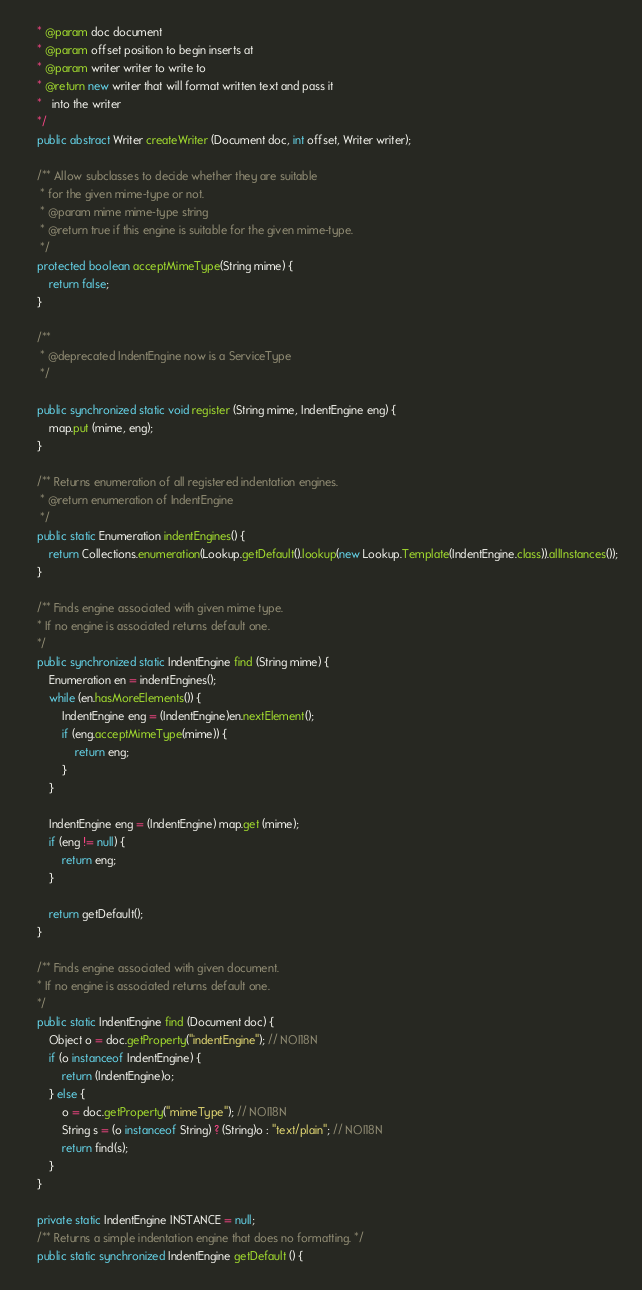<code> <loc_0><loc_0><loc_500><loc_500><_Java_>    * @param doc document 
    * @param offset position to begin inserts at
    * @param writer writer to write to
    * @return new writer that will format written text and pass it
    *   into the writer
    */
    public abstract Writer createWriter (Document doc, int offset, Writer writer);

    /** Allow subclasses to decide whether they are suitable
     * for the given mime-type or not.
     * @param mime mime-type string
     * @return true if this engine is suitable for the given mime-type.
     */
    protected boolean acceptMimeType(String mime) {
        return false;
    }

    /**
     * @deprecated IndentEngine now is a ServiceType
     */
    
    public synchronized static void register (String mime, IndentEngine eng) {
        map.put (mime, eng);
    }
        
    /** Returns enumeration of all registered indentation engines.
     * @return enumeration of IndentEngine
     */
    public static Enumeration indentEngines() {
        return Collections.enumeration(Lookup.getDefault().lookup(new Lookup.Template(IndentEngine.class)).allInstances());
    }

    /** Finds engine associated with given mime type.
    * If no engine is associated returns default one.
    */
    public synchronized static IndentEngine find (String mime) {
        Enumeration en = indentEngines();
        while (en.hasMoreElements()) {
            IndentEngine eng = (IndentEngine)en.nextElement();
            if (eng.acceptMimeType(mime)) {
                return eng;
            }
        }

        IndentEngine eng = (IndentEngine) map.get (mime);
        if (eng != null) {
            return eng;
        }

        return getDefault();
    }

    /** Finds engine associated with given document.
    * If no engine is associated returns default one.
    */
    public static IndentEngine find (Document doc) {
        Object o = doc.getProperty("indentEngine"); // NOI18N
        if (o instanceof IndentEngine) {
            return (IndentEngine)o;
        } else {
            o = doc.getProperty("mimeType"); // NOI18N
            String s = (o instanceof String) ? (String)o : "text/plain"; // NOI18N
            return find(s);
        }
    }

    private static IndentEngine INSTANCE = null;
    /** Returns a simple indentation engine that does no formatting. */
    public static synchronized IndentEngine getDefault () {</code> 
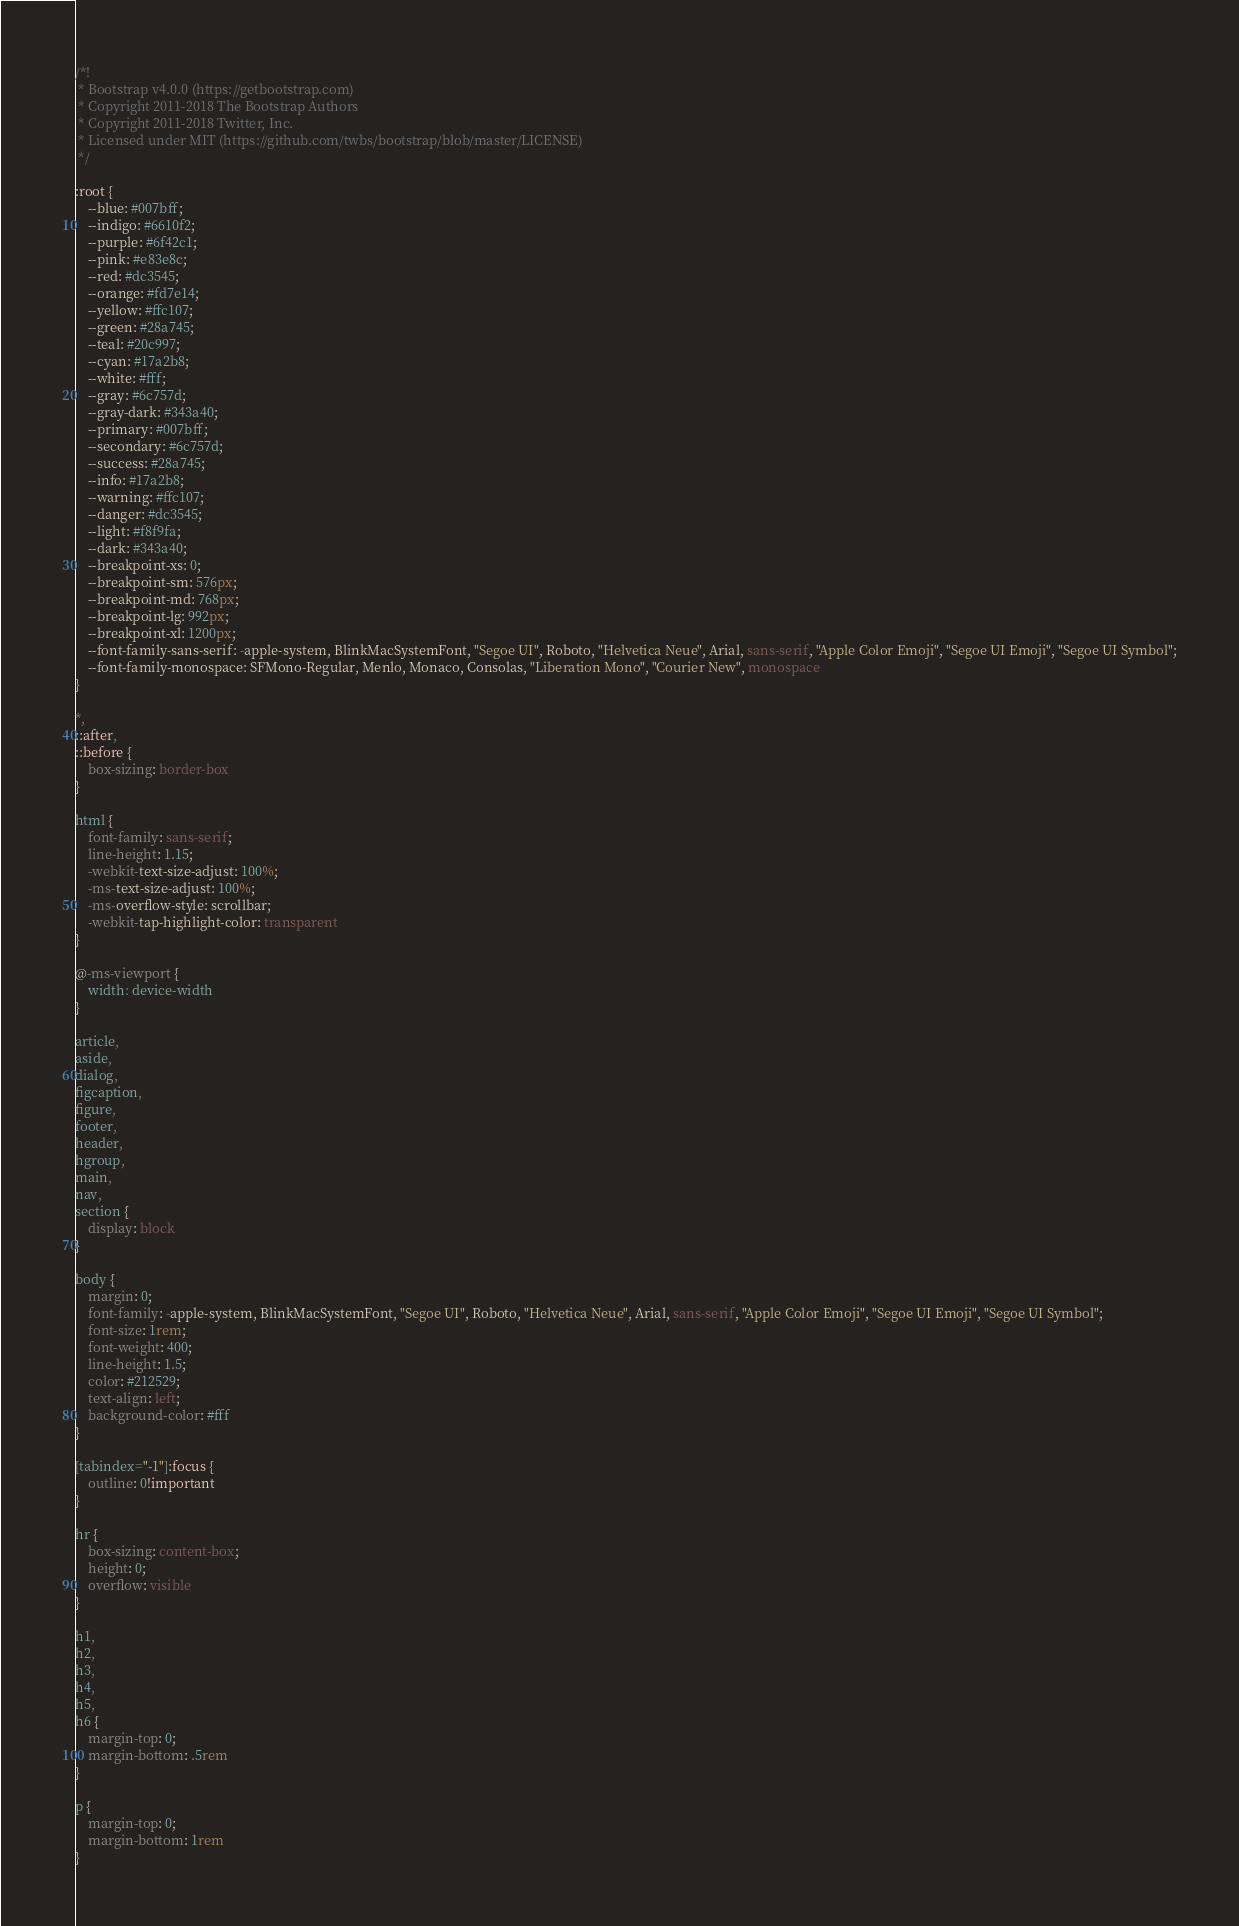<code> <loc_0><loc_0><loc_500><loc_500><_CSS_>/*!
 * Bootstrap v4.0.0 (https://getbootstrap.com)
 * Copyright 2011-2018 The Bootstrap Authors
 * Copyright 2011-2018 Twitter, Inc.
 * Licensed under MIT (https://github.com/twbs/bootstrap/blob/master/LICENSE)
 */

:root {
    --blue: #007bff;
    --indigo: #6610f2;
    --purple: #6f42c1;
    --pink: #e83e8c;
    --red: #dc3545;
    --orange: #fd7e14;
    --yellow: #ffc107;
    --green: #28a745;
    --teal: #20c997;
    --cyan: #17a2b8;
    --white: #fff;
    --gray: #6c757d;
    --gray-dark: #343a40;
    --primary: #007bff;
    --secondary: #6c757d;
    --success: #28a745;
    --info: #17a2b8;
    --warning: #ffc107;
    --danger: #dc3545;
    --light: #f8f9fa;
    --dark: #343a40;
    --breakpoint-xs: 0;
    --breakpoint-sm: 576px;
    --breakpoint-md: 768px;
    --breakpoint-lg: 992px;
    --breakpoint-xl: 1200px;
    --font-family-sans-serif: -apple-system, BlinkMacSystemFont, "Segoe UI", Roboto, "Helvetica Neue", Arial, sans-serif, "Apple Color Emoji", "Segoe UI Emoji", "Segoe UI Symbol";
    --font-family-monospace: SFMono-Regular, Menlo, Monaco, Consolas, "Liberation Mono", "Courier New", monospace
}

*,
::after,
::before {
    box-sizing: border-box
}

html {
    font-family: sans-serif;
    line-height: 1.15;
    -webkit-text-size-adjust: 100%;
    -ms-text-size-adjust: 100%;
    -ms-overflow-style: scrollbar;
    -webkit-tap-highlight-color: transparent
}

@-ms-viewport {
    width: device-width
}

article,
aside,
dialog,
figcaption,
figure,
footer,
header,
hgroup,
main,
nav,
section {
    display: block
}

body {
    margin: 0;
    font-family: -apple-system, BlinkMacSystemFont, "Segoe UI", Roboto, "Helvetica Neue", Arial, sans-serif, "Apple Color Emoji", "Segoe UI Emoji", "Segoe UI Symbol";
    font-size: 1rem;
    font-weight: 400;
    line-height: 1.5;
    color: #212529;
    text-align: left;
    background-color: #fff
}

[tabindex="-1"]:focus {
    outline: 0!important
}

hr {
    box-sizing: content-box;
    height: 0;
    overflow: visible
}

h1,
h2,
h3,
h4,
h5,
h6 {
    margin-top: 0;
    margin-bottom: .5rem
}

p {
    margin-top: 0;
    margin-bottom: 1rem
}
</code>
=====
Problem:
Please go through the entries and show every line with the word "apple".

Completed task:
    --font-family-sans-serif: -apple-system, BlinkMacSystemFont, "Segoe UI", Roboto, "Helvetica Neue", Arial, sans-serif, "Apple Color Emoji", "Segoe UI Emoji", "Segoe UI Symbol";
    font-family: -apple-system, BlinkMacSystemFont, "Segoe UI", Roboto, "Helvetica Neue", Arial, sans-serif, "Apple Color Emoji", "Segoe UI Emoji", "Segoe UI Symbol";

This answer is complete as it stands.